In questa traversata dell’oscura pianura del dolore, Marcela Serrano ha ritrovato a farle compagnia grandi scrittori e intellettuali che non si sono sottratti a un confronta a viso aperto con la Morte. E se William Faulkner le ricorda che “il passato non muore mai. E che non è nemmeno passato”, da Tennessee Williams arriva l’eco di parole che l’autrice di Santiago sente di poter fare sue: “Viviamo in un edificio perennemente in fiamme, e l’unica cosa che dobbiamo salvare dal fuoco, sempre, è l’amore”. E poi, si alterna l’eco dei pensieri, delle esperienze di Virginia Woolf, Philip Roth, Sigmund Freud, Iosif Brodskij, Philippe Claudel.
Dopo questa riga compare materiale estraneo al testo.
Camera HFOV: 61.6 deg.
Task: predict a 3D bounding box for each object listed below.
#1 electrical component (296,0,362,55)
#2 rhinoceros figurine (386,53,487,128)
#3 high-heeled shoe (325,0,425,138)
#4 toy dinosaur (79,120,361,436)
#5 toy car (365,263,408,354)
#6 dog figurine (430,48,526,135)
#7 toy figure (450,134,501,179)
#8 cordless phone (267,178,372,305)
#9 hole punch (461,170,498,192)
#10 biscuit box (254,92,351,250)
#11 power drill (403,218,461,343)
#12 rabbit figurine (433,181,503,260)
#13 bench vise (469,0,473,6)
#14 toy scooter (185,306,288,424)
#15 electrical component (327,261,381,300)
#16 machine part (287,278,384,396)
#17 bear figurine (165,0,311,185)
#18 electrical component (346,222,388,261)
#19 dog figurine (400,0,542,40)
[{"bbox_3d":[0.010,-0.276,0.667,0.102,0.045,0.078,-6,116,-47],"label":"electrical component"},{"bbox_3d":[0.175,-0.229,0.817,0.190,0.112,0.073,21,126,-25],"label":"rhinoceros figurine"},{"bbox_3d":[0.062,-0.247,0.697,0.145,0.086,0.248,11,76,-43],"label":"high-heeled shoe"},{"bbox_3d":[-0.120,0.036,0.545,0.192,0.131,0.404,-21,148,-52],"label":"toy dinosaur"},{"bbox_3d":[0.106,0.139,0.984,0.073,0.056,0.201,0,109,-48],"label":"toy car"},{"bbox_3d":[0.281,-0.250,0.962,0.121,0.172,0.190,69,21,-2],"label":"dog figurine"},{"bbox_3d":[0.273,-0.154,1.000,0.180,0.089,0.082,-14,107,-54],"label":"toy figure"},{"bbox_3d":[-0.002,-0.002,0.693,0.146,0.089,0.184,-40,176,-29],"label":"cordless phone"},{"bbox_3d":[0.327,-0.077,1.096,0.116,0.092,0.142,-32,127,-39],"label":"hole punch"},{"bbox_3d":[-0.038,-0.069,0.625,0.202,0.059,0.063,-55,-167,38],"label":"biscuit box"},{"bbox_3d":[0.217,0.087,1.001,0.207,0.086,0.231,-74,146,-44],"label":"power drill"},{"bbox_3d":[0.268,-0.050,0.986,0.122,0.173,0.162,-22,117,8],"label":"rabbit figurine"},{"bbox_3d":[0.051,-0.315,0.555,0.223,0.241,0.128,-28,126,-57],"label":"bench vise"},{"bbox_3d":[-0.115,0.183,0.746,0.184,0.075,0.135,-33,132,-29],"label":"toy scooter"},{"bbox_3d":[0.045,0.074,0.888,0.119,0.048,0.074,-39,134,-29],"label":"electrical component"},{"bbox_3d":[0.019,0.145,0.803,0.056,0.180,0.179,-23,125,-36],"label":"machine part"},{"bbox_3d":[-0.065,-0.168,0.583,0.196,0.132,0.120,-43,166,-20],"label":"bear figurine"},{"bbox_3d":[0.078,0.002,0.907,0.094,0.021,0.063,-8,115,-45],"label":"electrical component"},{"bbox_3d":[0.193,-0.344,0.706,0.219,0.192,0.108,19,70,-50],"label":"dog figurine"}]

Amore che le fa ritornare un pensiero doloroso, ma umanissimo. Margarita, verso la fine degli anni ’90, quando il cancro si era già manifestato una prima volta in lei, dopo aver letto “L’albergo delle donne tristi”, aveva apostrofata  Marcela senza nessun preavviso, “un giorno che stavamo chiacchierando a casa di mia madre”. E la domanda era di quelle a cui non si può rispondere: “Perché mi hai ammazzata?”. In quel libro, infatti, una delle sorelle di Floreana, la protagonista, muore per un tumore inguaribile. Ma come si fa a dire che la letteratura, molto spesso, legge la realtà anche dove il nostro sguardo finisce fuori fuoco? Che i romanzi servono spesso a prepararsi a ciò che potrebbe accadere. Anche se, il fatto stesso di raccontare storie che non vorremmo mai vivere, si spera possa servire come potente esorcismo.

Ed è ancora un’arcana coincidenza a decidere le sorti di questo libro. Perché quando Marcela Serrano lo stava ormai portando a termine, un giorno la sua cavalla La Rucia, chiamata così, La Bionda, proprio in onore di Margarita, spaventata da un improvviso rumore s’imbizzarrì. “Caddi da cavallo – racconta la scrittrice – con le mani in avanti (forse per proteggermi il volto?) Mi si spezzarono entrambi”. Forse “Margarita non voleva che la lasciassi andare. Avevamo condiviso un anno di morte e di scrittura. Aveva bisogno che mi spingessi fino in fondo alla parola; finché avessi scritto, lei sarebbe stata viva”.

Nello scegliere il titolo, Marcela Serrano ha voluto rendere omaggio a una donna straordinaria. A Clara Sandoval, madre della grande cantautrice cilena Violeta Parra, diventata un simbolo con le sue canzoni di protesta durante la dittatura di Augusto Pinochet. Alla sarta e tessitrice di origine contadina che cucì un mantello da affidare a suo figlio Nicanor, prestigioso poeta, matematico e fisico. Moltissimi anni dopo, quando lui morì a La Reina il 23 gennaio del 2018, la bara venne avvolta proprio con quella coperta. Che sua mamma aveva cucito perché non provasse freddo laggiù, dove regna la Morte.